Я жил на углу Садового кольца и Нового Арбата, и все эти баррикады, демонстрации происходили прямо под моими окнами. Но в кафе напротив сидели люди, спокойно пили кофе. Магазины работали. Жизнь шла своим чередом. Россия, которая привыкла стоять на крови, странным образом в этот раз отступила. Революция и контрреволюция, демократия в России остались кукольными. Французская революция или 1968 год — это была настоящая война. Конечно, это счастье, что последняя русская революция была почти бескровной. Но жалко, что демократия так и осталась брошенной сверху костью. То, что дается сверху, не нужно людям. Им нужно и ценно только то, что они добывают себе сами. Ты сел в зрительный зал, свет выключили и включили. Спектакль состоял из раздевалки. А потом опять одеваться…
Павел Лунгин. Фото Никиты Павлова
…было еще мощное влияние раблезианской культуры во главе с пьющим Ельциным. И это придавало нашей жизни такую театральную нереальность. Я до сих пор не знаю, был ли он действительно сильно пьющим, или это тоже какая-то великая разводка. Потому что после ухода из власти он резко похудел, стал бодрее, дикция выправилась. И куда только подевался тот великий Пьяница 90-х годов, за которого голосовали сердцем? Который умудрялся проспать встречу с руководителем европейского государства, называл американского президента «Мой друг Билл» и норовил расцеловать его в уста против всех международных правил гигиены, взгромождался на броневик, чуть ли не ежемесячно распускал кабинет министров? Это была жизнь набекрень. Какая-то адская смесь жанров, в которой преобладают гротеск и гиньоль. Малиновые пиджаки из Монако. Мерседесы с полуграмотными золотозубыми людьми. Вниз пошел — вверх. Вверх пошел — вниз. И все это так закружилось. Поэтому это ощущение пьяного Ельцина и хохочущей страны, оно и было главным, пьянящим. Это было опьянение свободой. Я вообще к Ельцину хорошо отношусь, в отличие от многих. Я считаю, что он искренне любил свободу. Был ей предан. Трагедия Короля Лира, который запоздало открыл для себя свободу и был за то наказан своим окружением.
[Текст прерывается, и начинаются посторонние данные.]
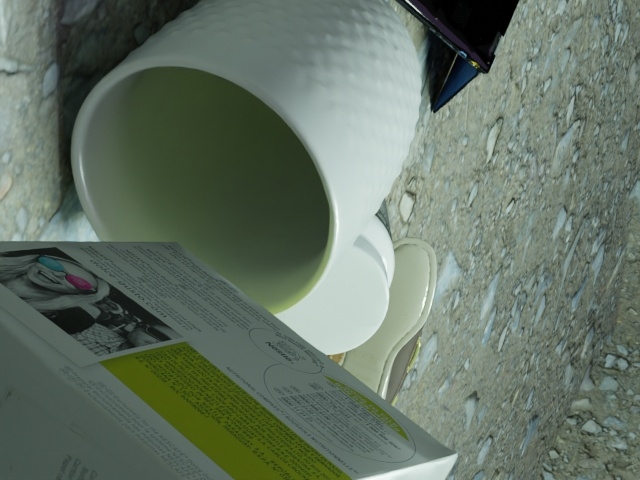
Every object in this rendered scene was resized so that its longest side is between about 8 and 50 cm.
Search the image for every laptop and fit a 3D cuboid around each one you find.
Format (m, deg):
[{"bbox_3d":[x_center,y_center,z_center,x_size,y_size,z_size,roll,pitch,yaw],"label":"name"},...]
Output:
[{"bbox_3d":[0.191,-0.432,2.315,0.408,0.236,0.382,33,74,-40],"label":"laptop"}]

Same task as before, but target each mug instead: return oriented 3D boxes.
[{"bbox_3d":[-0.070,-0.095,1.650,0.374,0.276,0.328,-48,-178,40],"label":"mug"}]

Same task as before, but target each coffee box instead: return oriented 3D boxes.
[{"bbox_3d":[-0.161,0.227,1.289,0.334,0.338,0.338,-1,122,-58],"label":"coffee box"}]

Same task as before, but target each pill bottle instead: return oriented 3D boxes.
[{"bbox_3d":[0.000,0.000,1.848,0.283,0.161,0.161,-95,-166,-65],"label":"pill bottle"}]

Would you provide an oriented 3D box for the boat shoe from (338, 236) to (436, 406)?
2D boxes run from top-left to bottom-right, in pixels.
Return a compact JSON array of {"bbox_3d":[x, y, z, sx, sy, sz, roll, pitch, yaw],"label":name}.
[{"bbox_3d":[0.096,0.141,2.447,0.096,0.116,0.324,-19,130,-70],"label":"boat shoe"}]

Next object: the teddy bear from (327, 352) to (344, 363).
[{"bbox_3d":[-0.047,0.222,2.123,0.245,0.113,0.338,-47,148,-64],"label":"teddy bear"}]

Мы были пьяны свободой, за приоткрывшимся железным занавесом мерещились неограниченные возможности. Путешествовать, узнавать мир. Топографию Парижа и Лондона, которую знали назубок по книжкам и фильмам, можно было теперь изучать на своих двоих. Карта мира из лунной превращалась в географическую. Золотой сон детства становился явью.
Такси-блюз
Я монтировал «Такси-блюз» в Париже. Отчетливо помню ощущение всеобщего безумного праздника. На глазах рождалась великая иллюзия того, что все люди — братья, что все, взявшись за руки, от Москвы до Канн будем танцевать. И на моих глазах мир стал катастрофически терять интерес к России. В какой-то момент мне показалось, что интерес к Достоевскому стоял на ракетах, которые стояли нацеленными на Запад. Без них оказалось, что и Достоевский как-то не очень нужен, и разбираться в загадках русской души совсем не так интересно. Произошла полная инфляция России. Из культурного героя страна превратилась в аутсайдера. Есть такая большая страна Нигерия, там тоже много интеллигентных людей, которые учились в Лондоне. Но кого волнуют проблемы интеллигенции Нигерии?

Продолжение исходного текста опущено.